▸ Data extracted from a collection:
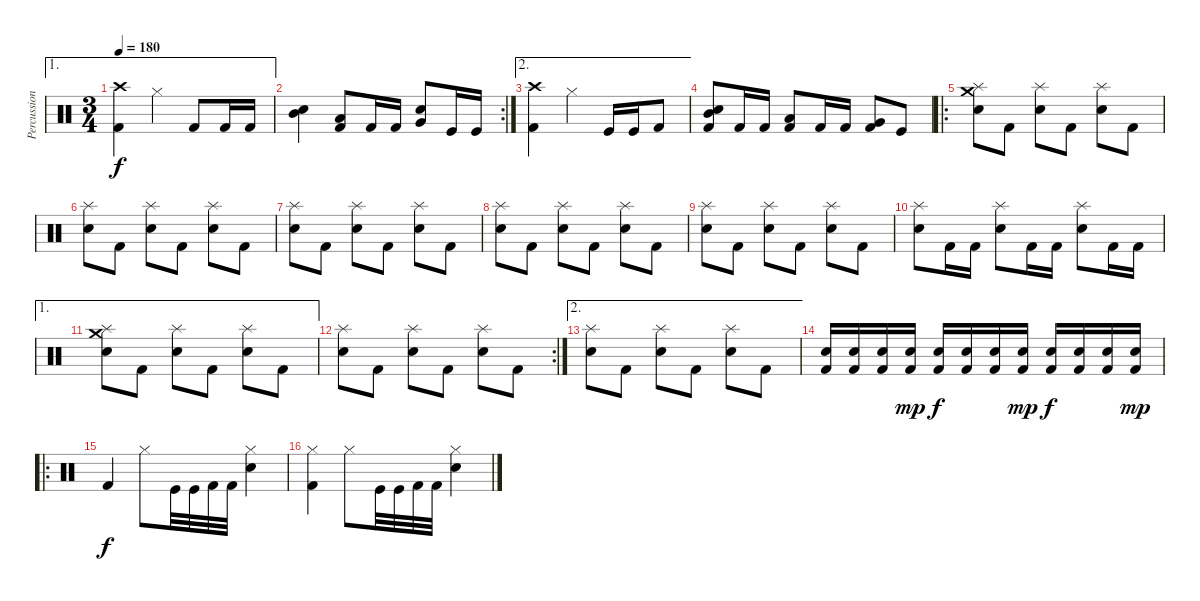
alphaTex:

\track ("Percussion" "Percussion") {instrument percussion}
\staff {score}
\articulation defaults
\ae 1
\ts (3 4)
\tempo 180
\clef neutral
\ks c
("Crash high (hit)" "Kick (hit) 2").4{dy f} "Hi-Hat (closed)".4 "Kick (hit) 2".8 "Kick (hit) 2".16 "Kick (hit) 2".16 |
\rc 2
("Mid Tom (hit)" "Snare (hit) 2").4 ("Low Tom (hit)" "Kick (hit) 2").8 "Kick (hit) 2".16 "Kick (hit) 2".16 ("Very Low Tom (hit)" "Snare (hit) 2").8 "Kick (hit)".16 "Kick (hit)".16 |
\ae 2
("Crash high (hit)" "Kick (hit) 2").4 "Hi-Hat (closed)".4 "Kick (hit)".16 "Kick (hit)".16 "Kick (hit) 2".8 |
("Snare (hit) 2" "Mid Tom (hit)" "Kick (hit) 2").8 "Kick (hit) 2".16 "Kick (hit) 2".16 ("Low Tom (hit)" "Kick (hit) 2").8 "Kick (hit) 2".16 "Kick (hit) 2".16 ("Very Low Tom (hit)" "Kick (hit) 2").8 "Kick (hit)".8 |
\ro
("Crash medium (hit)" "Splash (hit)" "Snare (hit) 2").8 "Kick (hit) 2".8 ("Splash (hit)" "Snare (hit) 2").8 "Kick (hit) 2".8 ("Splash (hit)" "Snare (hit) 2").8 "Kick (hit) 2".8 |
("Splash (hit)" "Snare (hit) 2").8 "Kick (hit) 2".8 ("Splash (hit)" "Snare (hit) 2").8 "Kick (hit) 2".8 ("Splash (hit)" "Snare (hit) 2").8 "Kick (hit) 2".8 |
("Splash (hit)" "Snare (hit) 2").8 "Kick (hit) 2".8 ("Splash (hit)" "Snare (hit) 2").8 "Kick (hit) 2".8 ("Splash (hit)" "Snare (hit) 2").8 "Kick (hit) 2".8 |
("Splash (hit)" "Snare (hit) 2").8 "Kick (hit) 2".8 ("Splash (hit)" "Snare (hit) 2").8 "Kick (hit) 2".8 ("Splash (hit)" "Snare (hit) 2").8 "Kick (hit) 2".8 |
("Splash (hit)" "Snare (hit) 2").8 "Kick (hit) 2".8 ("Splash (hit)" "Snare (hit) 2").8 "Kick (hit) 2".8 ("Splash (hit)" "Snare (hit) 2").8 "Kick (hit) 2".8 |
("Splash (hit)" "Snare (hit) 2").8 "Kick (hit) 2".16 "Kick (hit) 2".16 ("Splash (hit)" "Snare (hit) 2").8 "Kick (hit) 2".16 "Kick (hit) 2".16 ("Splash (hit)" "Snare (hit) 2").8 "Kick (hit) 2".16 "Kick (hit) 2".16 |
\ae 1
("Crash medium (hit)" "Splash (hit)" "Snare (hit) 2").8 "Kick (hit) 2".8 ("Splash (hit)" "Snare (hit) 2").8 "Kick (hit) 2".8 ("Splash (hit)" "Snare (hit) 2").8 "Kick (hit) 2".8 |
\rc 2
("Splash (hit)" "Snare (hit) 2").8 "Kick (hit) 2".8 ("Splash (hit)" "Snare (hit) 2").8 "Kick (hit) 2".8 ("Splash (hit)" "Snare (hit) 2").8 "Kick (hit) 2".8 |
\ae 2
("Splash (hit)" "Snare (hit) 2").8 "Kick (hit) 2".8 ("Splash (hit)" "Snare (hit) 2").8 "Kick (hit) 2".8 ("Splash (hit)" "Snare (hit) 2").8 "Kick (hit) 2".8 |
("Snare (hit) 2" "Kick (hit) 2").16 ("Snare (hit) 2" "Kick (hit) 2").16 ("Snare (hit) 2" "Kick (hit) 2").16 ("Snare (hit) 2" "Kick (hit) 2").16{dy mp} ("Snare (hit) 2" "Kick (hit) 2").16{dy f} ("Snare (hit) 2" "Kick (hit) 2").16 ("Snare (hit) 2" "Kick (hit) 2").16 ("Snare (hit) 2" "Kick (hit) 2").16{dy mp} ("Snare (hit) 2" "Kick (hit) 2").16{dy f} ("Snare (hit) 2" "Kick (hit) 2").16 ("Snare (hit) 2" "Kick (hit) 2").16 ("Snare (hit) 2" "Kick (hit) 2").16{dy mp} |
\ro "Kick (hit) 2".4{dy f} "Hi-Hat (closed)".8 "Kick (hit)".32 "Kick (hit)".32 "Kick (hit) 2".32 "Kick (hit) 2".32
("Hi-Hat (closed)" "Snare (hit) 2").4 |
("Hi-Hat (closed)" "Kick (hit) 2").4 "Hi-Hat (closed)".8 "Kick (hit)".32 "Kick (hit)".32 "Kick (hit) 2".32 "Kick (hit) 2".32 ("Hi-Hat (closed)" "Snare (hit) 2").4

▸ Prompt: Produce an exact reprint of the entries, dropping the images.

▸ Output below:
alphaTex:

\track ("Percussion" "Percussion") {instrument percussion}
\staff {score}
\articulation defaults
\ae 1
\ts (3 4)
\tempo 180
\clef neutral
\ks c
("Crash high (hit)" "Kick (hit) 2").4{dy f} "Hi-Hat (closed)".4 "Kick (hit) 2".8 "Kick (hit) 2".16 "Kick (hit) 2".16 |
\rc 2
("Mid Tom (hit)" "Snare (hit) 2").4 ("Low Tom (hit)" "Kick (hit) 2").8 "Kick (hit) 2".16 "Kick (hit) 2".16 ("Very Low Tom (hit)" "Snare (hit) 2").8 "Kick (hit)".16 "Kick (hit)".16 |
\ae 2
("Crash high (hit)" "Kick (hit) 2").4 "Hi-Hat (closed)".4 "Kick (hit)".16 "Kick (hit)".16 "Kick (hit) 2".8 |
("Snare (hit) 2" "Mid Tom (hit)" "Kick (hit) 2").8 "Kick (hit) 2".16 "Kick (hit) 2".16 ("Low Tom (hit)" "Kick (hit) 2").8 "Kick (hit) 2".16 "Kick (hit) 2".16 ("Very Low Tom (hit)" "Kick (hit) 2").8 "Kick (hit)".8 |
\ro
("Crash medium (hit)" "Splash (hit)" "Snare (hit) 2").8 "Kick (hit) 2".8 ("Splash (hit)" "Snare (hit) 2").8 "Kick (hit) 2".8 ("Splash (hit)" "Snare (hit) 2").8 "Kick (hit) 2".8 |
("Splash (hit)" "Snare (hit) 2").8 "Kick (hit) 2".8 ("Splash (hit)" "Snare (hit) 2").8 "Kick (hit) 2".8 ("Splash (hit)" "Snare (hit) 2").8 "Kick (hit) 2".8 |
("Splash (hit)" "Snare (hit) 2").8 "Kick (hit) 2".8 ("Splash (hit)" "Snare (hit) 2").8 "Kick (hit) 2".8 ("Splash (hit)" "Snare (hit) 2").8 "Kick (hit) 2".8 |
("Splash (hit)" "Snare (hit) 2").8 "Kick (hit) 2".8 ("Splash (hit)" "Snare (hit) 2").8 "Kick (hit) 2".8 ("Splash (hit)" "Snare (hit) 2").8 "Kick (hit) 2".8 |
("Splash (hit)" "Snare (hit) 2").8 "Kick (hit) 2".8 ("Splash (hit)" "Snare (hit) 2").8 "Kick (hit) 2".8 ("Splash (hit)" "Snare (hit) 2").8 "Kick (hit) 2".8 |
("Splash (hit)" "Snare (hit) 2").8 "Kick (hit) 2".16 "Kick (hit) 2".16 ("Splash (hit)" "Snare (hit) 2").8 "Kick (hit) 2".16 "Kick (hit) 2".16 ("Splash (hit)" "Snare (hit) 2").8 "Kick (hit) 2".16 "Kick (hit) 2".16 |
\ae 1
("Crash medium (hit)" "Splash (hit)" "Snare (hit) 2").8 "Kick (hit) 2".8 ("Splash (hit)" "Snare (hit) 2").8 "Kick (hit) 2".8 ("Splash (hit)" "Snare (hit) 2").8 "Kick (hit) 2".8 |
\rc 2
("Splash (hit)" "Snare (hit) 2").8 "Kick (hit) 2".8 ("Splash (hit)" "Snare (hit) 2").8 "Kick (hit) 2".8 ("Splash (hit)" "Snare (hit) 2").8 "Kick (hit) 2".8 |
\ae 2
("Splash (hit)" "Snare (hit) 2").8 "Kick (hit) 2".8 ("Splash (hit)" "Snare (hit) 2").8 "Kick (hit) 2".8 ("Splash (hit)" "Snare (hit) 2").8 "Kick (hit) 2".8 |
("Snare (hit) 2" "Kick (hit) 2").16 ("Snare (hit) 2" "Kick (hit) 2").16 ("Snare (hit) 2" "Kick (hit) 2").16 ("Snare (hit) 2" "Kick (hit) 2").16{dy mp} ("Snare (hit) 2" "Kick (hit) 2").16{dy f} ("Snare (hit) 2" "Kick (hit) 2").16 ("Snare (hit) 2" "Kick (hit) 2").16 ("Snare (hit) 2" "Kick (hit) 2").16{dy mp} ("Snare (hit) 2" "Kick (hit) 2").16{dy f} ("Snare (hit) 2" "Kick (hit) 2").16 ("Snare (hit) 2" "Kick (hit) 2").16 ("Snare (hit) 2" "Kick (hit) 2").16{dy mp} |
\ro "Kick (hit) 2".4{dy f} "Hi-Hat (closed)".8 "Kick (hit)".32 "Kick (hit)".32 "Kick (hit) 2".32 "Kick (hit) 2".32
("Hi-Hat (closed)" "Snare (hit) 2").4 |
("Hi-Hat (closed)" "Kick (hit) 2").4 "Hi-Hat (closed)".8 "Kick (hit)".32 "Kick (hit)".32 "Kick (hit) 2".32 "Kick (hit) 2".32 ("Hi-Hat (closed)" "Snare (hit) 2").4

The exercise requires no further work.